Convert BirdNET models (Keras/H5 format) to Apple Core ML format (.mlpackage) for on-device inference on iOS/macOS devices.
This repository provides tools to convert BirdNET's bird detection models to Apple's Core ML format, enabling:
- Audio Model Conversion: Convert the main BirdNET acoustic model that identifies bird species from audio
- Metadata Model Conversion: Convert the location/time-based model that filters species by geographic occurrence
- Model Verification: Tools to validate that converted models produce identical results
Use the automated setup script:
cd BirdNET-CoreML
./setup_environment.sh
source venv/bin/activate
This creates a clean virtual environment with all required dependencies.

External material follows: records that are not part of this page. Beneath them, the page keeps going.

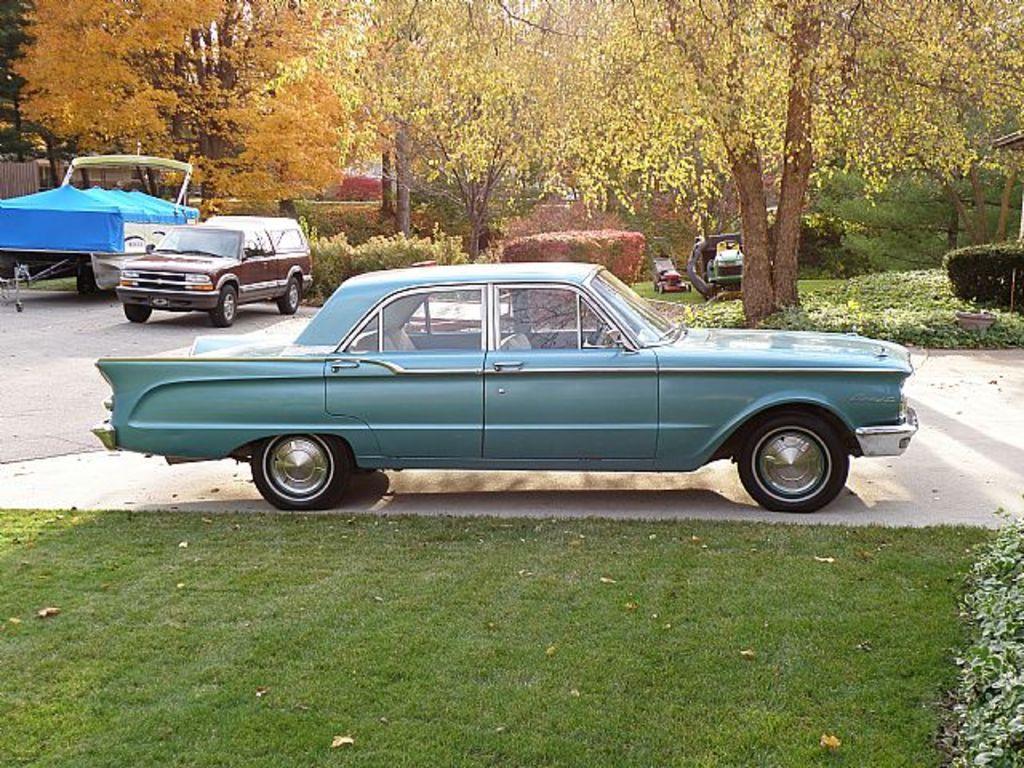Please provide a concise description of this image. In the center of the image there are vehicles. In the background there are trees. At the bottom there is grass and we can see bushes. 
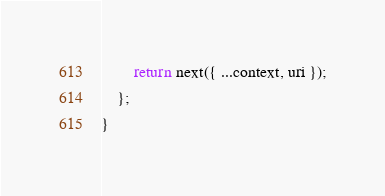<code> <loc_0><loc_0><loc_500><loc_500><_TypeScript_>        return next({ ...context, uri });
    };
}
</code> 
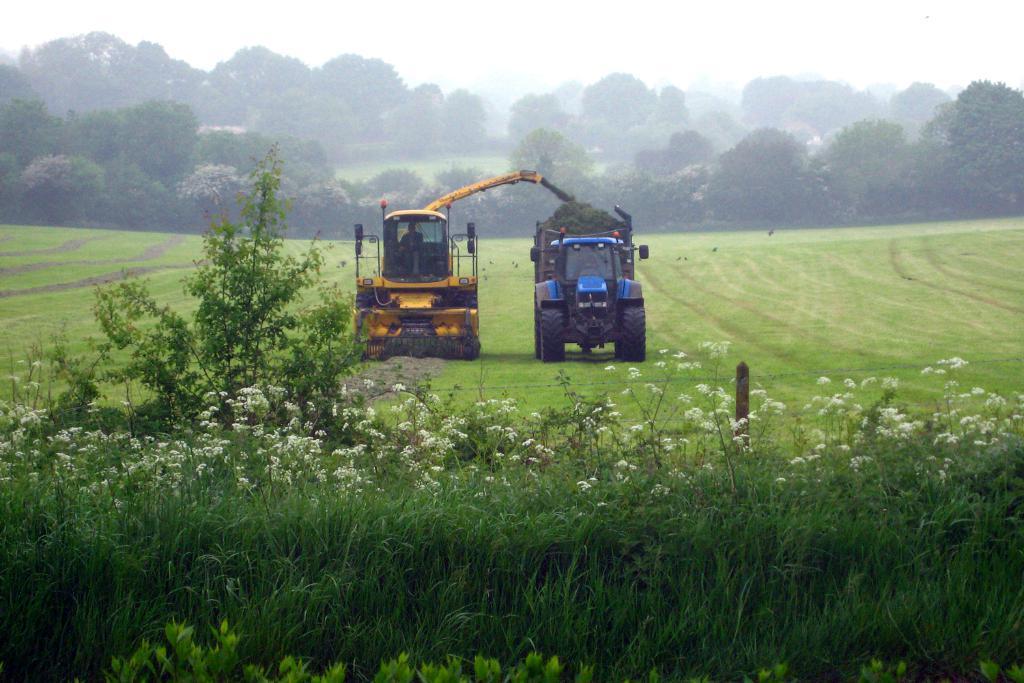In one or two sentences, can you explain what this image depicts? In the image in the center, we can see two vehicles, which are in blue and yellow color. In the background, we can see the sky, trees, plants, grass and flowers. 
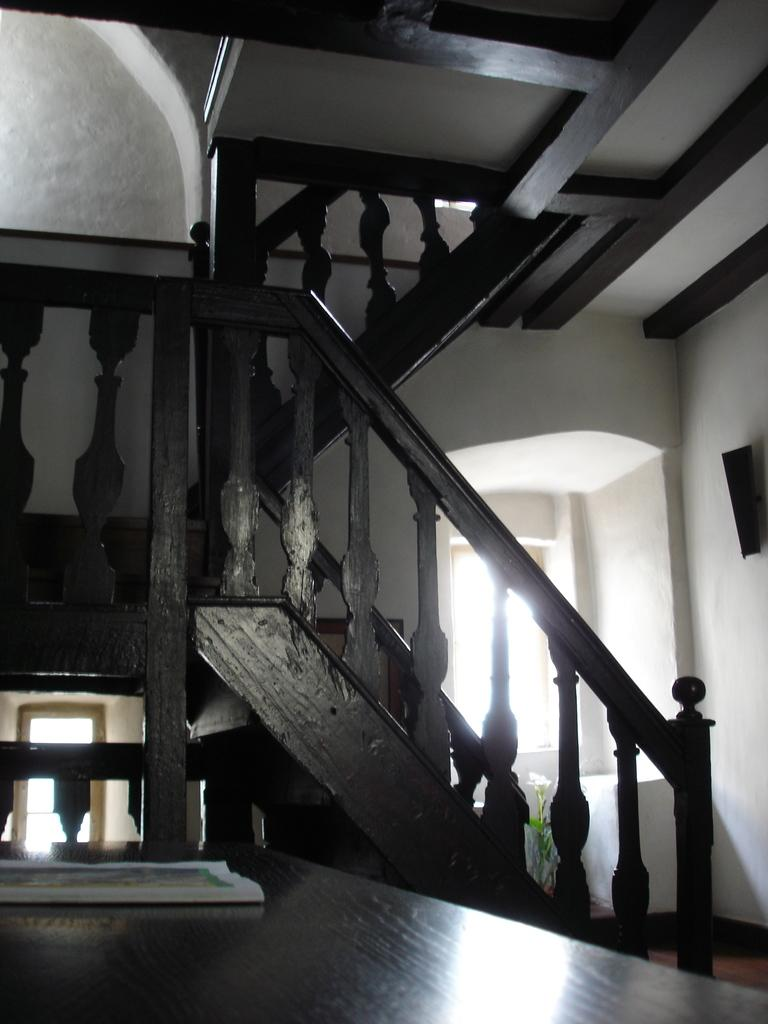What is present on the table in the image? There is a book on the table in the image. What architectural feature can be seen in the image? There is a staircase in the image. What type of structure is visible in the image? There is a wall in the image. Can you describe the bee that is twisting around the cream in the image? There is no bee or cream present in the image. The conversation focuses on the table, book, staircase, and wall, as described in the provided facts. 
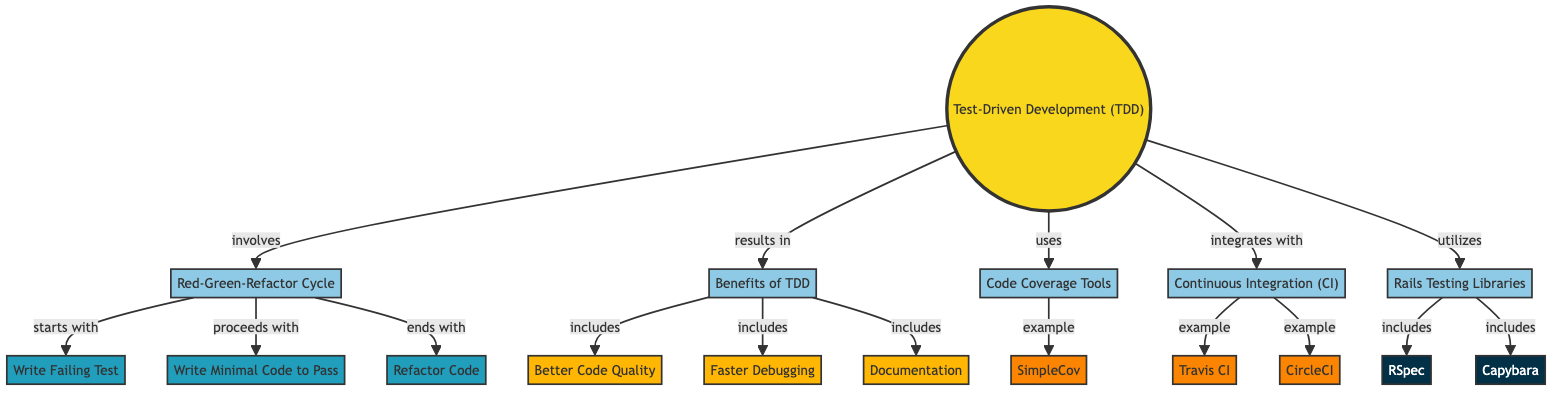What is the main concept of the diagram? The diagram's main concept is "Test-Driven Development (TDD)", indicated by the main node labeled appropriately.
Answer: Test-Driven Development (TDD) How many benefits of TDD are listed in the diagram? The diagram outlines three benefits of TDD, which are represented by the nodes linked to the "Benefits of TDD" concept.
Answer: 3 What is the first action in the Red-Green-Refactor cycle? The first action is "Write Failing Test", which is represented as the node that starts the cycle connected to the "Red-Green-Refactor Cycle".
Answer: Write Failing Test Which tool is an example of Code Coverage Tools? "SimpleCov" is the tool that is specifically mentioned as an example of Code Coverage Tools in the diagram.
Answer: SimpleCov What are the names of the two libraries included in Rails Testing Libraries? The libraries included are "RSpec" and "Capybara", both of which are connected to the "Rails Testing Libraries" node.
Answer: RSpec and Capybara How does TDD relate to Continuous Integration? TDD integrates with Continuous Integration, as shown by the connection between the TDD node and the Continuous Integration node.
Answer: integrates with What is the end action of the Red-Green-Refactor cycle? The end action of the cycle is "Refactor Code", which is the last action connected in the cycle after writing minimal code to pass tests.
Answer: Refactor Code Which CI tool is specifically mentioned in the diagram? "Travis CI" is identified as an example tool under Continuous Integration, indicated by its direct connection to the CI node.
Answer: Travis CI What is one benefit included in the diagram related to TDD? One benefit mentioned is "Better Code Quality", which is linked to the "Benefits of TDD" node.
Answer: Better Code Quality

The main conversion script handles both Keras/H5 models and TensorFlow SavedModel directories:
# Convert the included Keras/H5 model
python coreml_export/convert_keras_to_coreml.py \
--in_path coreml_export/input/audio-model.h5 \
--out_path coreml_export/output/audio-model.mlpackage
# Convert from a SavedModel directory
python coreml_export/convert_keras_to_coreml.py \
--in_path path/to/savedmodel/ \
--out_path output/model.mlpackage
Options:
--target ios15
- Minimum deployment target (default: ios15)--keep_fp32
- Keep 32-bit precision (not recommended - models are already optimized for FP16)--melspec_layer_file
- Specify MelSpecLayerSimple implementation (default: MelSpecLayerSimple_fixed.py for CoreML compatibility)
BirdNET uses a metadata model to filter predictions based on location and time of year:
# Convert the metadata model
python coreml_export/convert_meta_model_to_coreml.py \
--input coreml_export/input/meta-model.h5 \
--output coreml_export/output/metadata-model.mlpackage
The converted audio model expects:
- Input: 3-second mono audio @ 48 kHz (144,000 samples)
- Output: Probability scores for 6,522 bird species
Use the metadata model to filter predictions by location:
from coreml_export.meta_utils import (
get_species_priors,
filter_by_location,
load_coreml_meta_model
)
# Load models
audio_model = coremltools.models.MLModel("audio-model.mlpackage")
meta_model = load_coreml_meta_model("metadata-model.mlpackage")
# Get audio predictions
audio_scores = audio_model.predict({"input": audio_data})
# Filter by location (latitude, longitude, week_of_year)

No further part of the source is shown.